■ **MATERIAL FOR THIS EXERCISE**

========================================

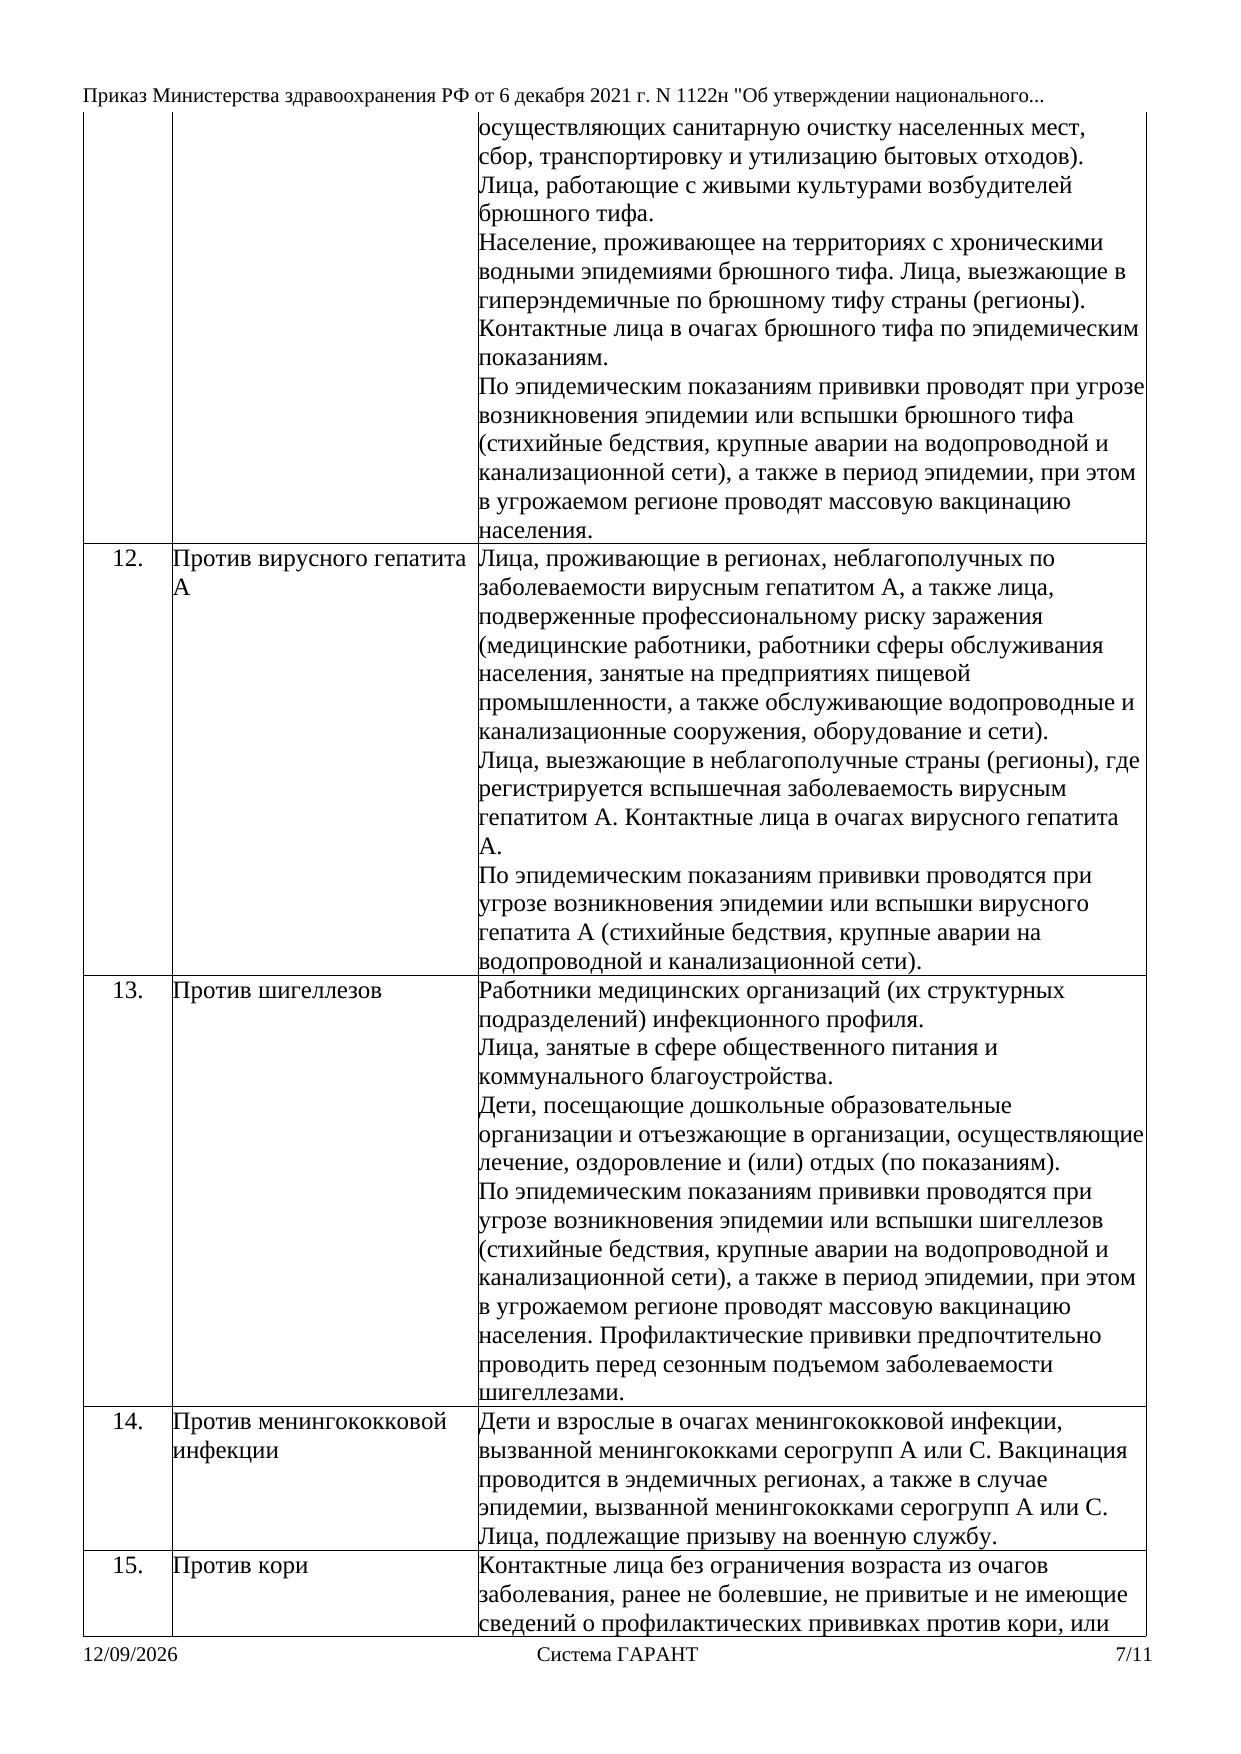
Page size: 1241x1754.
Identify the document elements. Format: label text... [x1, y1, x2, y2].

table_cell [84, 112, 172, 543]
table_cell 15. [84, 1551, 172, 1636]
table_cell Против вирусного гепатита А [173, 544, 478, 975]
table_cell Работники медицинских организаций (их структурных подразделений) инфекционного профиля. Лица, занятые в сфере общественного питания и коммунального благоустройства. Дети, посещающие дошкольные образовательные организации и отъезжающие в организации, осуществляющие лечение, оздоровление и (или) отдых (по показаниям). По эпидемическим показаниям прививки проводятся при угрозе возникновения эпидемии или вспышки шигеллезов (стихийные бедствия, крупные аварии на водопроводной и канализационной сети), а также в период эпидемии, при этом в угрожаемом регионе проводят массовую вакцинацию населения. Профилактические прививки предпочтительно проводить перед сезонным подъемом заболеваемости шигеллезами. [479, 976, 1146, 1406]
table_cell 12. [84, 544, 172, 975]
table_cell Дети и взрослые в очагах менингококковой инфекции, вызванной менингококками серогрупп А или С. Вакцинация проводится в эндемичных регионах, а также в случае эпидемии, вызванной менингококками серогрупп А или С. Лица, подлежащие призыву на военную службу. [479, 1407, 1146, 1550]
table_cell Против менингококковой инфекции [173, 1407, 478, 1550]
table_cell Против кори [173, 1551, 478, 1636]
table_cell Лица, проживающие в регионах, неблагополучных по заболеваемости вирусным гепатитом А, а также лица, подверженные профессиональному риску заражения (медицинские работники, работники сферы обслуживания населения, занятые на предприятиях пищевой промышленности, а также обслуживающие водопроводные и канализационные сооружения, оборудование и сети). Лица, выезжающие в неблагополучные страны (регионы), где регистрируется вспышечная заболеваемость вирусным гепатитом А. Контактные лица в очагах вирусного гепатита А. По эпидемическим показаниям прививки проводятся при угрозе возникновения эпидемии или вспышки вирусного гепатита А (стихийные бедствия, крупные аварии на водопроводной и канализационной сети). [479, 544, 1146, 975]
table_cell [173, 112, 478, 543]
table_cell Против шигеллезов [173, 976, 478, 1406]
table_cell осуществляющих санитарную очистку населенных мест, сбор, транспортировку и утилизацию бытовых отходов). Лица, работающие с живыми культурами возбудителей брюшного тифа. Население, проживающее на территориях с хроническими водными эпидемиями брюшного тифа. Лица, выезжающие в гиперэндемичные по брюшному тифу страны (регионы). Контактные лица в очагах брюшного тифа по эпидемическим показаниям. По эпидемическим показаниям прививки проводят при угрозе возникновения эпидемии или вспышки брюшного тифа (стихийные бедствия, крупные аварии на водопроводной и канализационной сети), а также в период эпидемии, при этом в угрожаемом регионе проводят массовую вакцинацию населения. [479, 112, 1146, 543]
table_cell 14. [84, 1407, 172, 1550]
table_cell Контактные лица без ограничения возраста из очагов заболевания, ранее не болевшие, не привитые и не имеющие сведений о профилактических прививках против кори, или [479, 1551, 1146, 1636]
table_cell 13. [84, 976, 172, 1406]
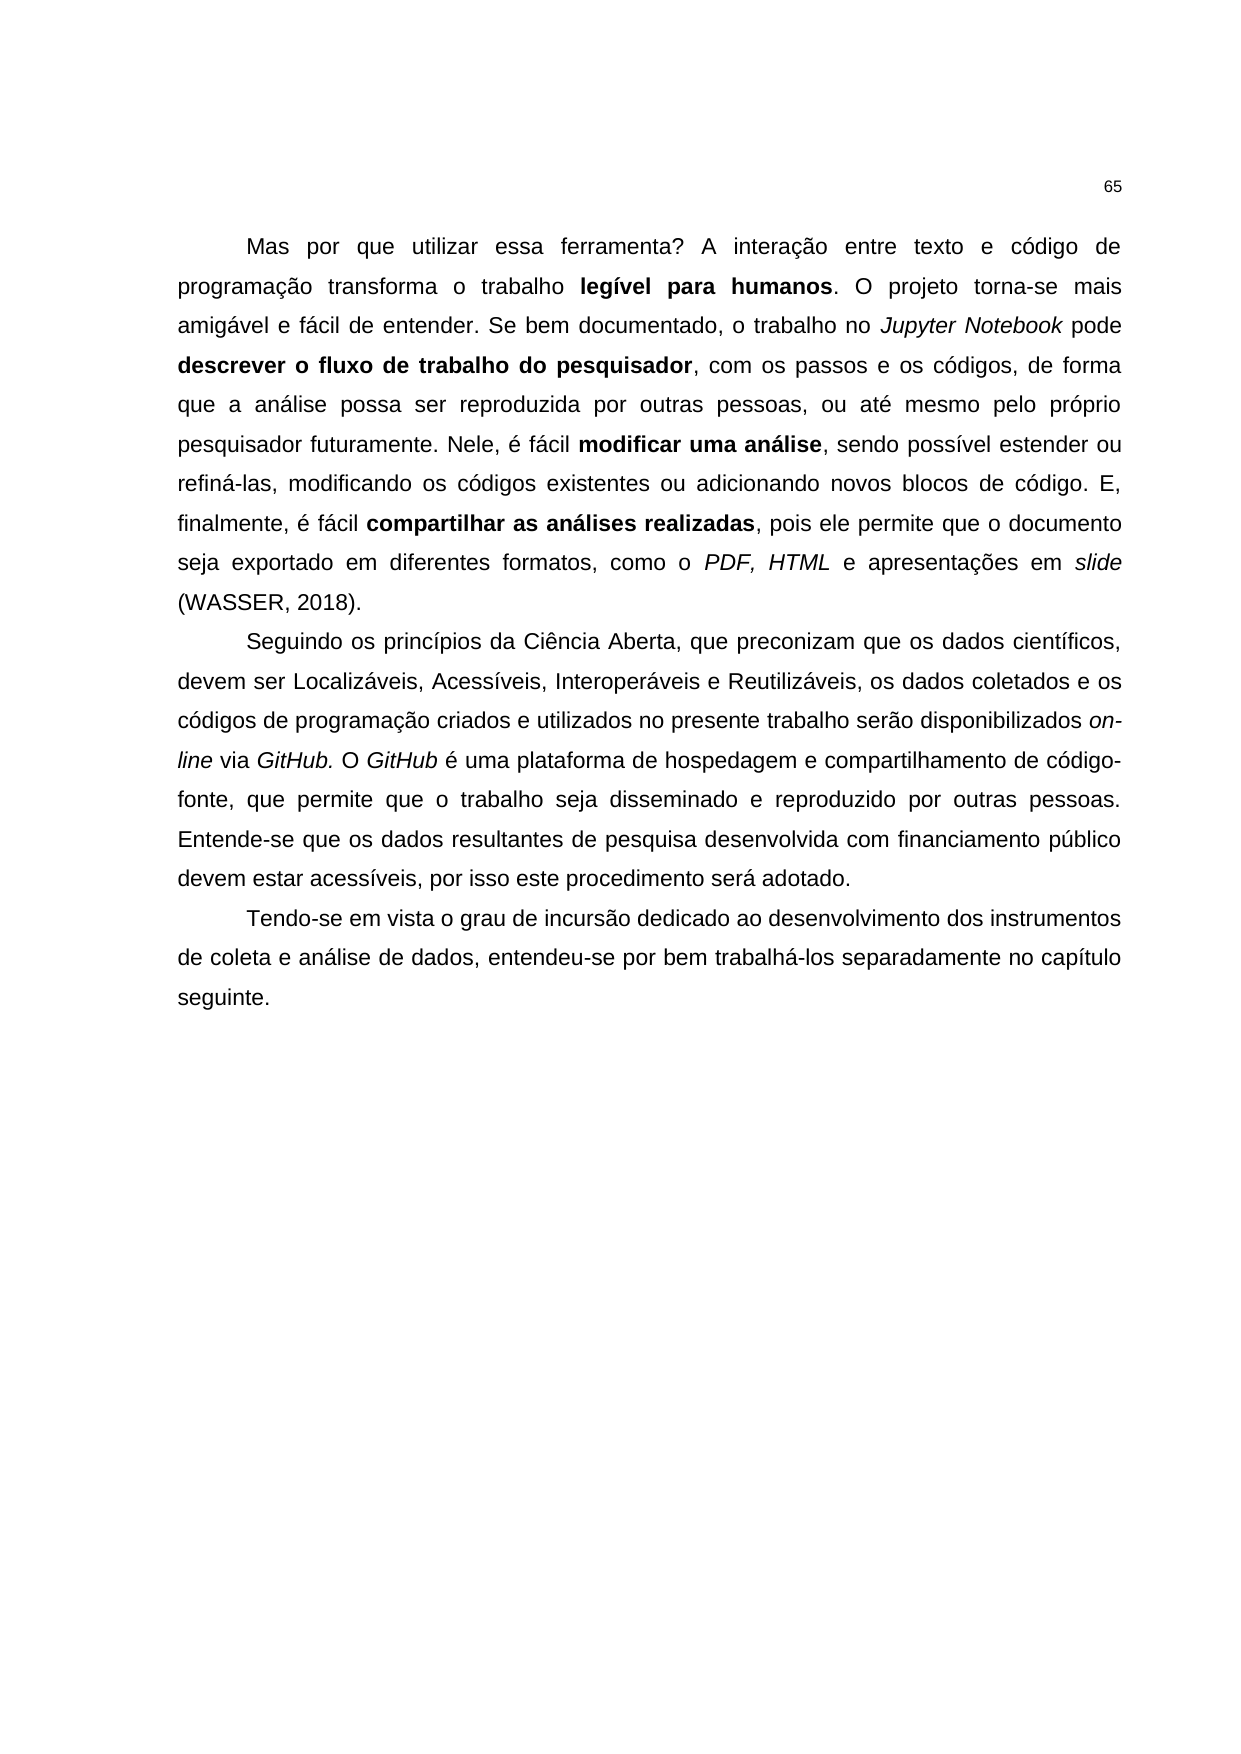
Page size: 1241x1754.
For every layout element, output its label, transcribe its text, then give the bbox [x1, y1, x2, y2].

text Mas por que utilizar essa ferramenta? A interação entre texto e código de programação transforma o trabalho legível para humanos. O projeto torna-se mais amigável e fácil de entender. Se bem documentado, o trabalho no Jupyter Notebook pode descrever o fluxo de trabalho do pesquisador, com os passos e os códigos, de forma que a análise possa ser reproduzida por outras pessoas, ou até mesmo pelo próprio pesquisador futuramente. Nele, é fácil modificar uma análise, sendo possível estender ou refiná-las, modificando os códigos existentes ou adicionando novos blocos de código. E, finalmente, é fácil compartilhar as análises realizadas, pois ele permite que o documento seja exportado em diferentes formatos, como o PDF, HTML e apresentações em slide (WASSER, 2018). [177, 233, 1122, 615]
text Tendo-se em vista o grau de incursão dedicado ao desenvolvimento dos instrumentos de coleta e análise de dados, entendeu-se por bem trabalhá-los separadamente no capítulo seguinte. [177, 904, 1122, 1010]
text Seguindo os princípios da Ciência Aberta, que preconizam que os dados científicos, devem ser Localizáveis, Acessíveis, Interoperáveis e Reutilizáveis, os dados coletados e os códigos de programação criados e utilizados no presente trabalho serão disponibilizados on-line via GitHub. O GitHub é uma plataforma de hospedagem e compartilhamento de código-fonte, que permite que o trabalho seja disseminado e reproduzido por outras pessoas. Entende-se que os dados resultantes de pesquisa desenvolvida com financiamento público devem estar acessíveis, por isso este procedimento será adotado. [177, 628, 1122, 891]

========================================

■ **TASK DESCRIPTION**
Take the stretch of lines above from the one containing "table_cell Против вирусного" through the one containing "table_cell Против кори [173, 1551, 478, 1636]" and repeat it exactly, adding no other line.

■ **ANSWER TO THIS PROBLEM**
table_cell Против вирусного гепатита А [173, 544, 478, 975]
table_cell Работники медицинских организаций (их структурных подразделений) инфекционного профиля. Лица, занятые в сфере общественного питания и коммунального благоустройства. Дети, посещающие дошкольные образовательные организации и отъезжающие в организации, осуществляющие лечение, оздоровление и (или) отдых (по показаниям). По эпидемическим показаниям прививки проводятся при угрозе возникновения эпидемии или вспышки шигеллезов (стихийные бедствия, крупные аварии на водопроводной и канализационной сети), а также в период эпидемии, при этом в угрожаемом регионе проводят массовую вакцинацию населения. Профилактические прививки предпочтительно проводить перед сезонным подъемом заболеваемости шигеллезами. [479, 976, 1146, 1406]
table_cell 12. [84, 544, 172, 975]
table_cell Дети и взрослые в очагах менингококковой инфекции, вызванной менингококками серогрупп А или С. Вакцинация проводится в эндемичных регионах, а также в случае эпидемии, вызванной менингококками серогрупп А или С. Лица, подлежащие призыву на военную службу. [479, 1407, 1146, 1550]
table_cell Против менингококковой инфекции [173, 1407, 478, 1550]
table_cell Против кори [173, 1551, 478, 1636]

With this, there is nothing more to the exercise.